Nós nunca seremos dignos porque alguém assim o
deseja, mas porque nós o desejamos. Eric tinha tudo para ser feliz. Se ele
tivesse tirado uma parte somente do seu império e dado conforto aos seus
empregados, tudo seria diferente. Mas muitos homens julgam que a riqueza lhes
pertence, não sabendo que tudo é empréstimo de Deus. O homem só possui a
consciência, o banco onde deposita iniquidades ou valores.
Um
corpo bem vestido, a fina sociedade ali presente, mas por detrás da morte um
espírito sofrendo muito.

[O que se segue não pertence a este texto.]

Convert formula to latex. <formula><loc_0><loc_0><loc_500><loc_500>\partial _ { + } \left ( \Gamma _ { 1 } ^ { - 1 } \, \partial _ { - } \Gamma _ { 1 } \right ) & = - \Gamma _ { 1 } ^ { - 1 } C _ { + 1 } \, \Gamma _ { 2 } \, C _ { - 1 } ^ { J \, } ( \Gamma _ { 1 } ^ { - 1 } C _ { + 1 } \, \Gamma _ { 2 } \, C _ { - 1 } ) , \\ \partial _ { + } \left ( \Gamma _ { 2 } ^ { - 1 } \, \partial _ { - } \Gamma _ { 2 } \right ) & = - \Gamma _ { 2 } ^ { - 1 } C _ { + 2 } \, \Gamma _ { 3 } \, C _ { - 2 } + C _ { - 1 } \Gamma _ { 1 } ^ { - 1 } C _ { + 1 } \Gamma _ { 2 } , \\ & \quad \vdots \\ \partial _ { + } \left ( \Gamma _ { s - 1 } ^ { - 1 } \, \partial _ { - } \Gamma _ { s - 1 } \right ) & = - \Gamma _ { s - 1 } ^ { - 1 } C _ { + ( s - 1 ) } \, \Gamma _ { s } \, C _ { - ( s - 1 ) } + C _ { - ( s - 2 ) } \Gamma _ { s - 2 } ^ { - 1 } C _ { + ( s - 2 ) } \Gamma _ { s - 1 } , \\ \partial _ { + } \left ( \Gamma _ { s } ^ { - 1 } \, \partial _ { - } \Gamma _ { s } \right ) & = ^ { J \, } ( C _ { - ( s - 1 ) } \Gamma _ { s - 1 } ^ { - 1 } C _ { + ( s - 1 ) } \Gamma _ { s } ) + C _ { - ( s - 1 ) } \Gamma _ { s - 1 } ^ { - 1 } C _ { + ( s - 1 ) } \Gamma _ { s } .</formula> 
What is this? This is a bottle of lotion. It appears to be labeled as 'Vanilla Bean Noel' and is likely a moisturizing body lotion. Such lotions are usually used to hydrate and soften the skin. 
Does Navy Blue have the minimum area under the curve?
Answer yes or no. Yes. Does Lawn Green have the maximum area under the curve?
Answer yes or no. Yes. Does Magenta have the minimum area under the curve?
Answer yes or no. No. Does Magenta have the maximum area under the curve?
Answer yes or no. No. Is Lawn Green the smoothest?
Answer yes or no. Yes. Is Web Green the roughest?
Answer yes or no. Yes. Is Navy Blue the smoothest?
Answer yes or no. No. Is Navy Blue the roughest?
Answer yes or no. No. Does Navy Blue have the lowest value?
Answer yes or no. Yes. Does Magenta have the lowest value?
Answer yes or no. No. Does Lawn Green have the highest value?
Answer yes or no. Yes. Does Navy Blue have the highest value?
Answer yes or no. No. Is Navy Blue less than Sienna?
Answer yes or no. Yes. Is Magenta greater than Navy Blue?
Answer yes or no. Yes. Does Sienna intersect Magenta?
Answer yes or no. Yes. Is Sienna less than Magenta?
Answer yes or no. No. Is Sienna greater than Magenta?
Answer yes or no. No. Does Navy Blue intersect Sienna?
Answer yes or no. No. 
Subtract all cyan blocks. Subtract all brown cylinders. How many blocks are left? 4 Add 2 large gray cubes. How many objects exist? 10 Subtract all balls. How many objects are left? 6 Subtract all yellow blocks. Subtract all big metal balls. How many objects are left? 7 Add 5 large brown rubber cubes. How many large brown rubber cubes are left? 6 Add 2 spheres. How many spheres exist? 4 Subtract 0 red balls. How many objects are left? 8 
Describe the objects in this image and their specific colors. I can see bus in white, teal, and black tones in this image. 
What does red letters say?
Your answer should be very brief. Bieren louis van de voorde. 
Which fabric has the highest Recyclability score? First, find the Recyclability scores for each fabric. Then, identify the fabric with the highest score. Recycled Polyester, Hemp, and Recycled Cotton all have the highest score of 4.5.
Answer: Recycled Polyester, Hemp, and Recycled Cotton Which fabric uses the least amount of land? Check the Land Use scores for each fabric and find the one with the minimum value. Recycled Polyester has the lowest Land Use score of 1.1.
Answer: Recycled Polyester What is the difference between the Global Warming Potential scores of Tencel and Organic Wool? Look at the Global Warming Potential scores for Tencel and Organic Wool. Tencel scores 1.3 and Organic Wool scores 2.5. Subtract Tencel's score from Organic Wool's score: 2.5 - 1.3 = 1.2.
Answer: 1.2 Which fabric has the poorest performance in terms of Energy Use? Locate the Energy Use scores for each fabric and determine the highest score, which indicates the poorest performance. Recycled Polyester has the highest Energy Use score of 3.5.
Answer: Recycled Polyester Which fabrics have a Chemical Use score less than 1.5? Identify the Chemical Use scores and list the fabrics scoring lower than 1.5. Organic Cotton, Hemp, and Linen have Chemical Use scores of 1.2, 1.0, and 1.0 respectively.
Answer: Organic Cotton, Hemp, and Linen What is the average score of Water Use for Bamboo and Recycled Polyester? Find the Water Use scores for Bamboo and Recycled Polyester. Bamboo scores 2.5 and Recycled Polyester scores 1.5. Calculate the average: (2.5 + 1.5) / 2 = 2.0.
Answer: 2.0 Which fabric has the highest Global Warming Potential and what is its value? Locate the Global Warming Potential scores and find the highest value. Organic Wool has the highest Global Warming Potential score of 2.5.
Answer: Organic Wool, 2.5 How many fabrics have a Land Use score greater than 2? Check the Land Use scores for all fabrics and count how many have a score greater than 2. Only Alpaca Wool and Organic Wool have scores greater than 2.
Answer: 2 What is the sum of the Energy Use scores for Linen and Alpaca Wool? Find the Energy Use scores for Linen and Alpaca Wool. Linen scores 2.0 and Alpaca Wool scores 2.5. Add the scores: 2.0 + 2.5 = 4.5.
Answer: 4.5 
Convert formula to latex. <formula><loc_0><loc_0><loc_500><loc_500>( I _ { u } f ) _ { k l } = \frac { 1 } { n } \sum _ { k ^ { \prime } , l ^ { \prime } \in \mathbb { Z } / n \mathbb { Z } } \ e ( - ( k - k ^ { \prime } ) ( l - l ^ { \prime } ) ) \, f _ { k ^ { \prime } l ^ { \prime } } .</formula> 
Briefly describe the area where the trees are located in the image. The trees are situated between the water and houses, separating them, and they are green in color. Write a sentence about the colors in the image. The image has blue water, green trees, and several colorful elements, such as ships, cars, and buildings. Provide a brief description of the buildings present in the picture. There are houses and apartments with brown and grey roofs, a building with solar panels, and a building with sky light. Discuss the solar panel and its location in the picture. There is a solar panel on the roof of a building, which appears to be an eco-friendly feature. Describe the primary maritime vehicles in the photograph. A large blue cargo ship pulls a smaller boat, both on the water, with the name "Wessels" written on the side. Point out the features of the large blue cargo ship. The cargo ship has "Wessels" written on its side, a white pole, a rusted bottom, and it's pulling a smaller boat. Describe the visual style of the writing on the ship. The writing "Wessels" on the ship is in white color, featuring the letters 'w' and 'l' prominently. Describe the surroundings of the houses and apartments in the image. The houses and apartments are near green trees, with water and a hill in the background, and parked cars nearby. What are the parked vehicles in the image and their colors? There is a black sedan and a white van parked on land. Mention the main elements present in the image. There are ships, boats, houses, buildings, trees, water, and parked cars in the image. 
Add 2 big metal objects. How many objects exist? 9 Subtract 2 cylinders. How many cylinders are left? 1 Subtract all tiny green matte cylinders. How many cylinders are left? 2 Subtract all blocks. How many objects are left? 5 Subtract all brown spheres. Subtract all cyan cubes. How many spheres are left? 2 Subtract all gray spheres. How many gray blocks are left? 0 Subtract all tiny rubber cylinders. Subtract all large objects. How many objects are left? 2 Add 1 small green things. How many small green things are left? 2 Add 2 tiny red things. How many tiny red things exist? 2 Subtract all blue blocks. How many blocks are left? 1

Assim é a vida. Notei uma irmã um pouco gordinha que
não parava de comer. Tive de me conter para não lhe pregar uma peça. Mas confesso
que gostaria que quando ela fosse pegar um canapé, nós o fizéssemos sumir. Acho
que ela nem iria precisar de spa nem de regime. Só o susto iria livra-la de
alguns quilinhos.
_Luiz,
Luiz, vamos ao trabalh, chamou-me Enrico com um sorriso.
_Mas
nem ajudamos Eric...
_Não
temos condição, e depois você só está narrando o que acontece nas capelas.
Dali
fomos para outra cidade, onde um pai tinha assassinado o próprio filho.